Weitere große Hürden, die einen reibungslosen Einsatz dauerhaft behindern, sind die sehr hohen Temperiertemperaturen von bis zu +300°C im Fertigungsprozess und die chemischen Eigenschaften der Temperieröle. Beides greift in hohem Maße und in kürzester Zeit die Dichtungswerkstoffe an. Weil die als Dichtungsmaterialien eingesetzten Elastomere mit der Zeit hart werden, wird die Kupplung sowohl im gekuppelten als auch im ausgekuppelten Zustand undicht.

Nur mit großer Erfahrung ist es möglich, die passenden Dichtungswerkstoffe auszuwählen und so das Optimum zwischen Standzeit und Kosten zu erreichen.

Auch die Lagerung des Verschlussnippels in der Kupplung hat wesentlichen Einfluss auf die Lebensdauer der Dichtungen. Hierfür bietet Stäubli verschiedene innovative Lösungen, die entsprechend der vorhandenen Situation angepasst werden können. Die preislich günstigste und effiziente Alternative ist die Kombination verschiedener Elastomere in einer Kupplung.

Noch im Entwicklungsstadium: Metallische Dichtungswerkstoffe

Derzeitig führt Stäubli eine Versuchsreihe mit metallischen Dichtungswerkstoffen durch. Zwar bleibt dieses Dichtungsmaterial im eingekuppelten Zustand auch bei hohen Temperaturen lange dicht, weist aber auch Nachteile auf: die Herstellung von hochwertigen metallischen Dichtungen ist sehr teuer und erfordert eine sehr hohe Kuppelkraft.

Beim häufigen Wechsel der Formen und angesichts der heutigen Preissituation ist diese Dichtungsart noch keine Alternative zu den Elastomerdichtungen. Die Verluste an Thermoöl sind bereits nach kurzer Zeit sehr hoch, und die Druckgussmaschinen werden sehr stark mit diesen Leckagen verschmutzt.

Optimaler Durchfluss mit Baureihe CBI

Eine weitere wichtige Komponente in der Temperierung der Werkzeuge ist der Durchfluss. Gerade hier werden bei der Auslegung der Temperierung die größten Fehler gemacht. Sowohl der gleichmäßige Abtransport der Wärme als auch der Volumenstrom und die Strömungsgeschwindigkeit sind für die Temperaturdifferenzen entscheidend.
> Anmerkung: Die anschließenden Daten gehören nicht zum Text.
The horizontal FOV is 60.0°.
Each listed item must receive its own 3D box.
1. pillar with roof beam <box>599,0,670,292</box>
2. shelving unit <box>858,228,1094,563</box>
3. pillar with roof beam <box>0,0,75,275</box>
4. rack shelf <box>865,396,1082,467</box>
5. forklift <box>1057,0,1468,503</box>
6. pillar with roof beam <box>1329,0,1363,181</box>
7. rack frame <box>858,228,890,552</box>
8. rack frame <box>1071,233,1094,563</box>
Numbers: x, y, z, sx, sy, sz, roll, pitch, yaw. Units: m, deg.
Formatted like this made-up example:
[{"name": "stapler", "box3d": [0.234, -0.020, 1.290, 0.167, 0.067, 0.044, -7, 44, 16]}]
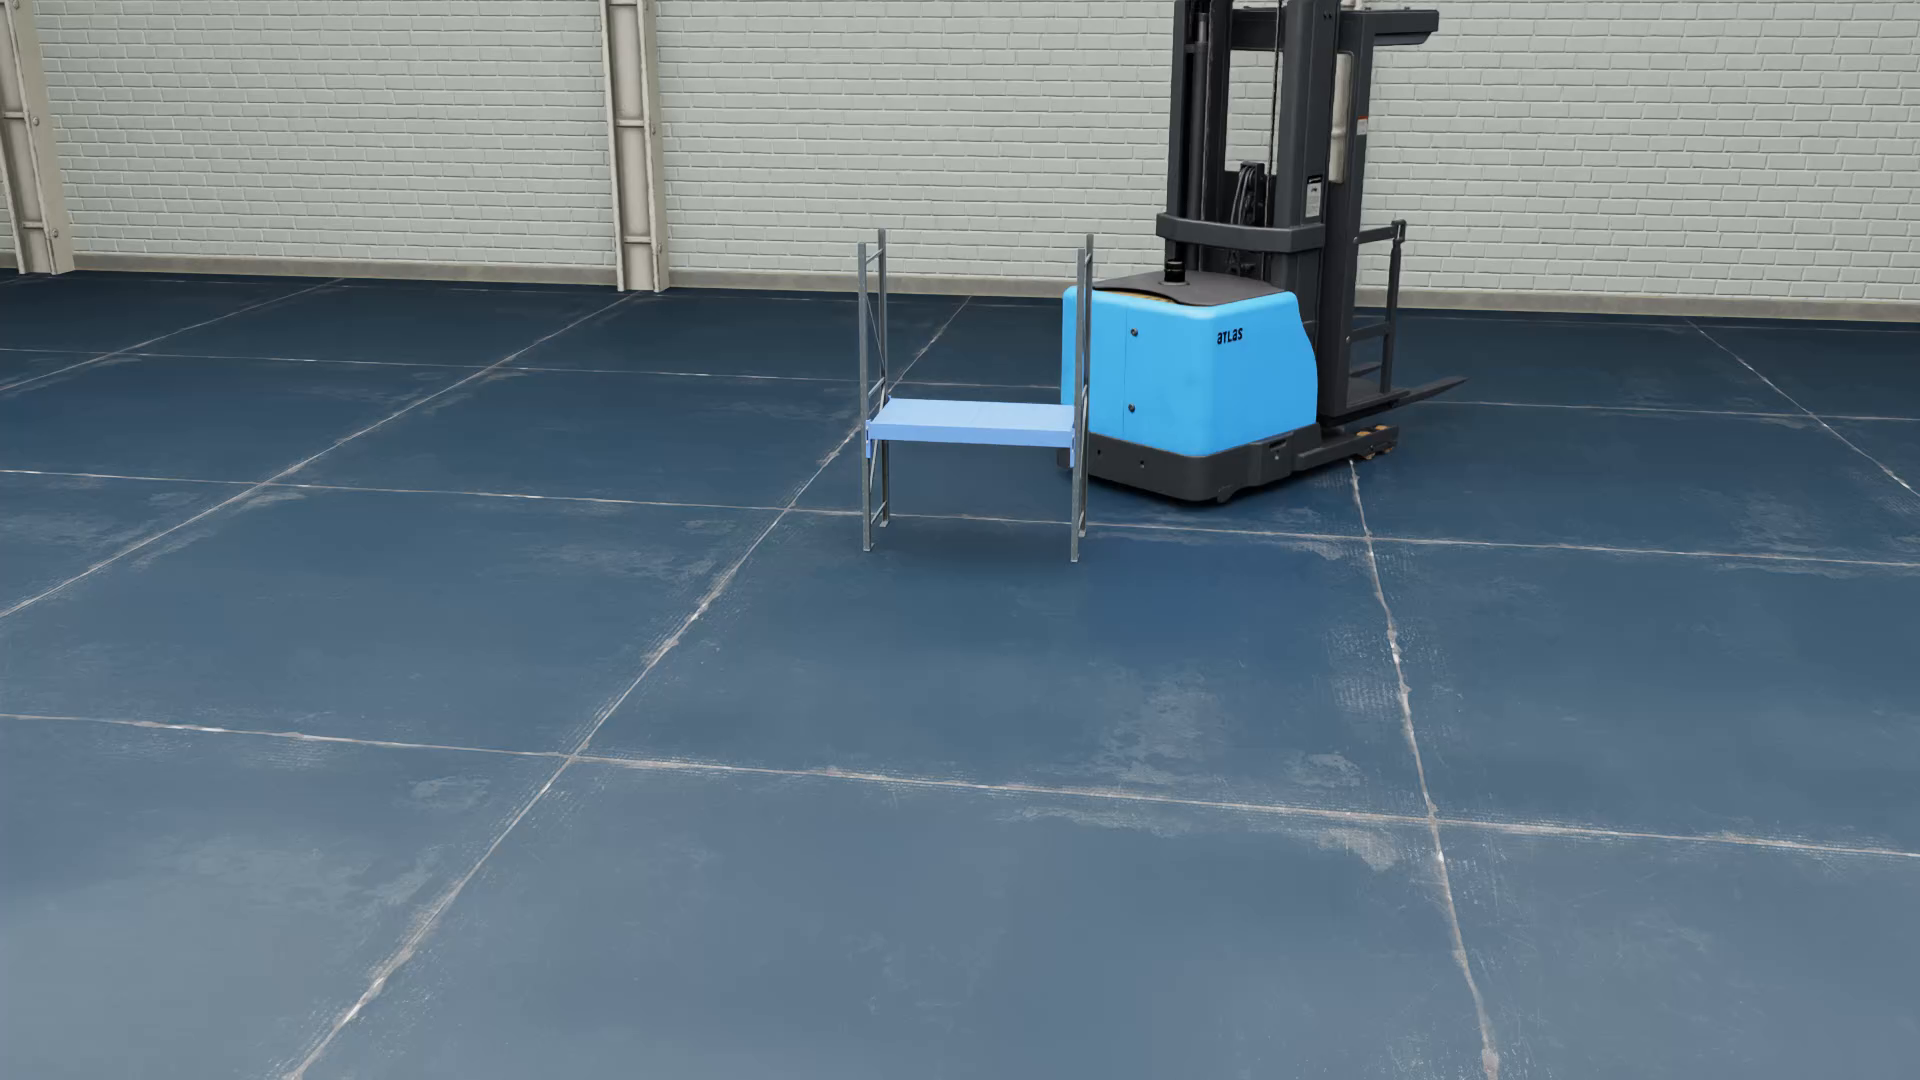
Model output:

Gemäß neuesten Erkenntnissen ist bei den derzeitig eingesetzten Temperiergeräten ein Innendurchmesser im Werkzeug wie auch in allen Schläuchen und Schnellverschlusskupplungen von 12 bis 14 mm ideal. Bei Thermoöl ist dieser große Innendurchmesser notwendig, da Öl (Wärmeleitwert 0,13) Wärme schlechter leitet als zum Beispiel Wasser (Wärmeleitwert 0,6). Auch die Aufnahme verläuft nicht so schnell wie bei Wasser.

Um den hohen Anforderungen im Druckguss gerecht zu werden, hat Stäubli die Baureihe CBI für Hochtemperaturen entwickelt. Selbst bei kleinsten Außenabmessungen bietet diese Baureihe ein extrem hohes Durchflussvolumen. Zusätzlich vermeidet die Clean-Break-Konstruktion das Verschmutzen der Maschinen und Werkzeuge – ein entscheidender Beitrag für mehr Sicherheit am Arbeitsplatz.